We measure the bandwidth of our 10 Sparse STREAM kernels (average over 10000 runs)*Footnote 3. The results - predicted vs. measured - are presented in Fig. 4. We make the following observations:

  • Our performance model (see Sect. 3) accurately predicts the performance of the memory system (below 1% error in most cases).

  • For 6 out of the 9 sparse STREAM variants, we can achieve close to optimal speed-up due to our parallel memory being multi-view and polymorphic.

  • For S-25, S-50, and S-75, the performance gain versus choosing the alternative scheme used in this experiment is, according to Table 1, of 70%, 50%, and 24%, respectively.

  • Our STREAM PolyMem design uses only 25.98% of the logic available in the Vectis Maxeler board. More information regarding the resource usage is available in [5].

Overall, our experiments are successful: we demonstrated that the schedule generated by our approach can be used in real-hardware, and we showed that the measured performance is practically the same with the predicted one.

Fig. 4.
figure 4

The performance results (measured, predicted, and ideal) for the 10 different variants of the STREAM benchmark. The horizontal lines indicate the theoretical bandwidth of MAX-PolyMem, configured with 8-byte data, 8 lanes, and 2 (for Copy and Scale) or 3 (for Sum or Triad) parallel operations.
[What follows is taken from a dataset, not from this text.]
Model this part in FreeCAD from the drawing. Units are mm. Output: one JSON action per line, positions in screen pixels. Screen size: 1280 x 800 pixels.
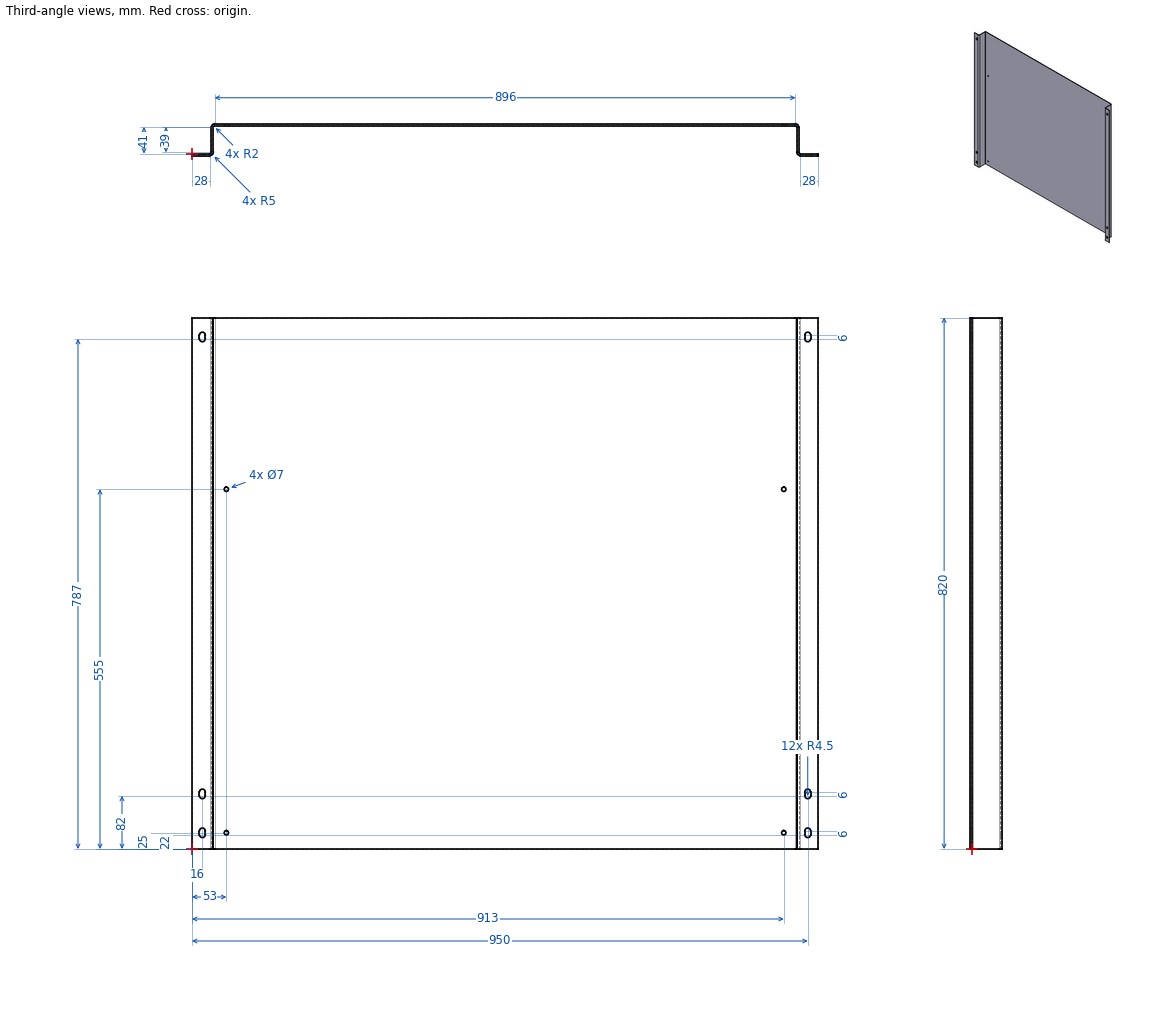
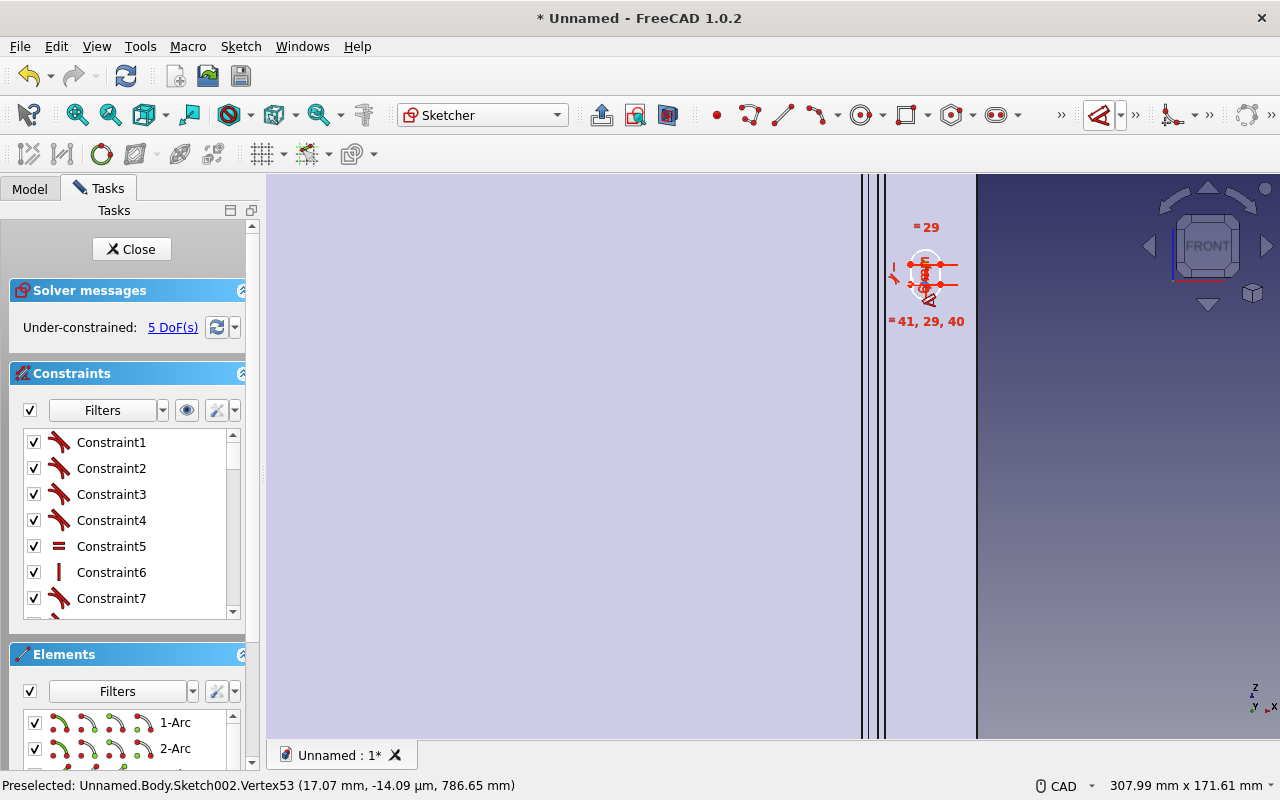
{"action": "left_click", "coordinate": [911, 285]}
{"action": "left_click", "coordinate": [945, 498]}

Running at 100 MHz, MAX-PolyMem can reach up to 12.8 GB/s for 1-operand benchmarks and up to 19.6 GB/s for 2-operand benchmarks.

5 Related Work

Research on using parallel memories to improve system memory bandwidth has started in the 70s, and remains of interest today. Parallel memories that use a set of predefined mapping functions to enable specifically shaped parallel accesses have improved to better support more shapes [7,8,9], multiple views, and polymorphic access [6]. Approaches that derive an application-specific mapping function [13, 15] have also emerged, constantly improving the efficiency and performance of the generated memory systems. The current version of this work uses a polymorphic parallel memory with fixed shapes, to which we add the novel analysis and configuration methodology.

As for building such memories in hardware, a lot of research has been invested in building application-specific caches for FPGAs. Although successful, such research [4, 11, 14] does not (yet) address parallel and/or polymorphic memories. Our work fills this gap, by showing how to efficiently design a polymorphic, multi-view parallel memory embedded into an FPGA-based accelerator.
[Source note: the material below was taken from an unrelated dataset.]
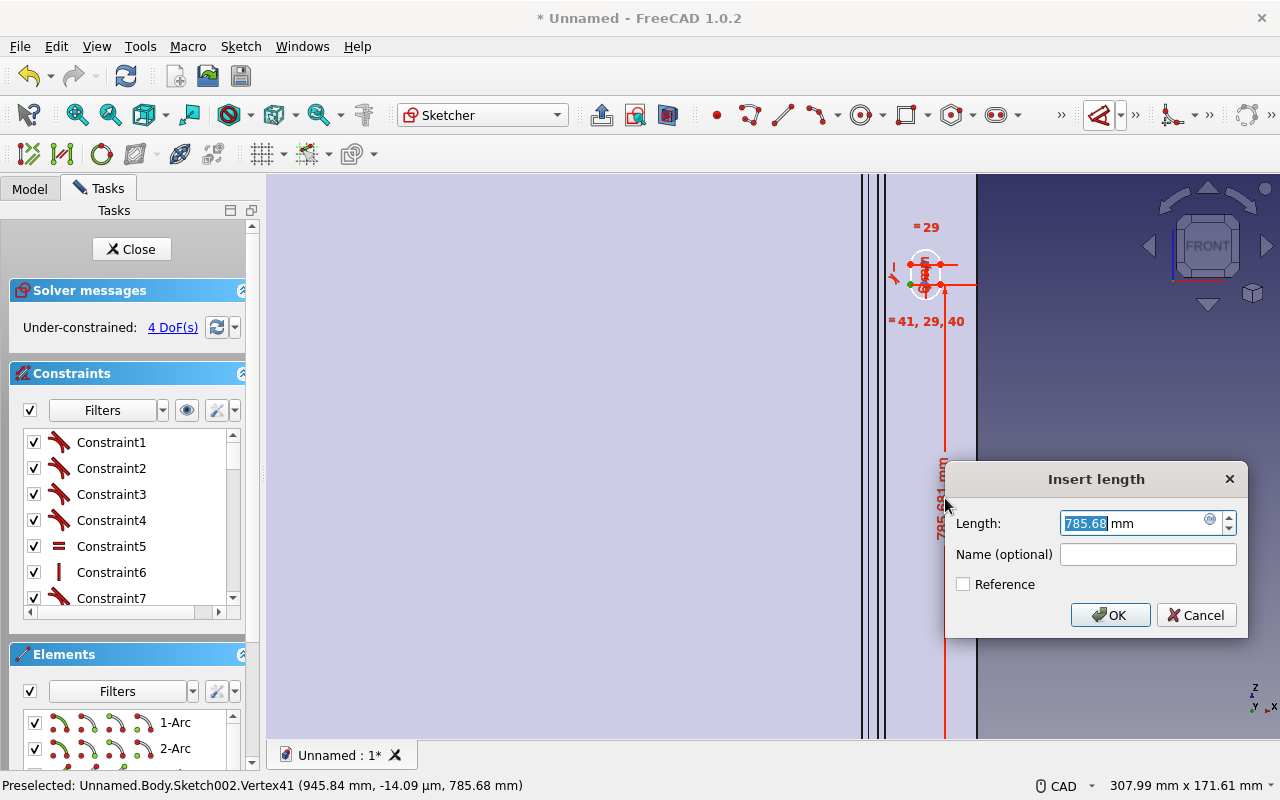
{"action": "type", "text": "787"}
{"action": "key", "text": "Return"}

6 Conclusion and Future Work

Modern accelerators, currently embedded in heterogeneous systems, offer massive parallelism for compute-intensive applications, but often suffer from memory bandwidth limitations. Our work investigates the benefits of building accelerators with application-specific parallel memories as a solution to alleviate this bottleneck. Our approach is especially effective for applications with large sets of concurrent accesses.

To this end, we proposed an end-to-end workflow which analyzes the application access trace, configures and builds a custom non-redundant parallel memory (e.g., PolyMem), optimized for the data-intensive kernel of interest, generates our parallel-memory accelerator in hardware, and embeds it in the original host code.

We have empirically validated our approach using Sparse STREAM with 10 different access densities. We demonstrated that we can instantiate and benchmark all 10 designs in real hardware (i.e., a Maxeler system and the MAX-PolyMem version). Our experimental results demonstrate clear bandwidth gains, and closely match our model’s predictions. Our on-going work focuses on the analysis of more applications. In the near future, we aim to improve/automate the access traces extraction, a more efficient integration of the parallel-memory accelerator into the host application, and an extension of the model towards accurate full-application performance prediction.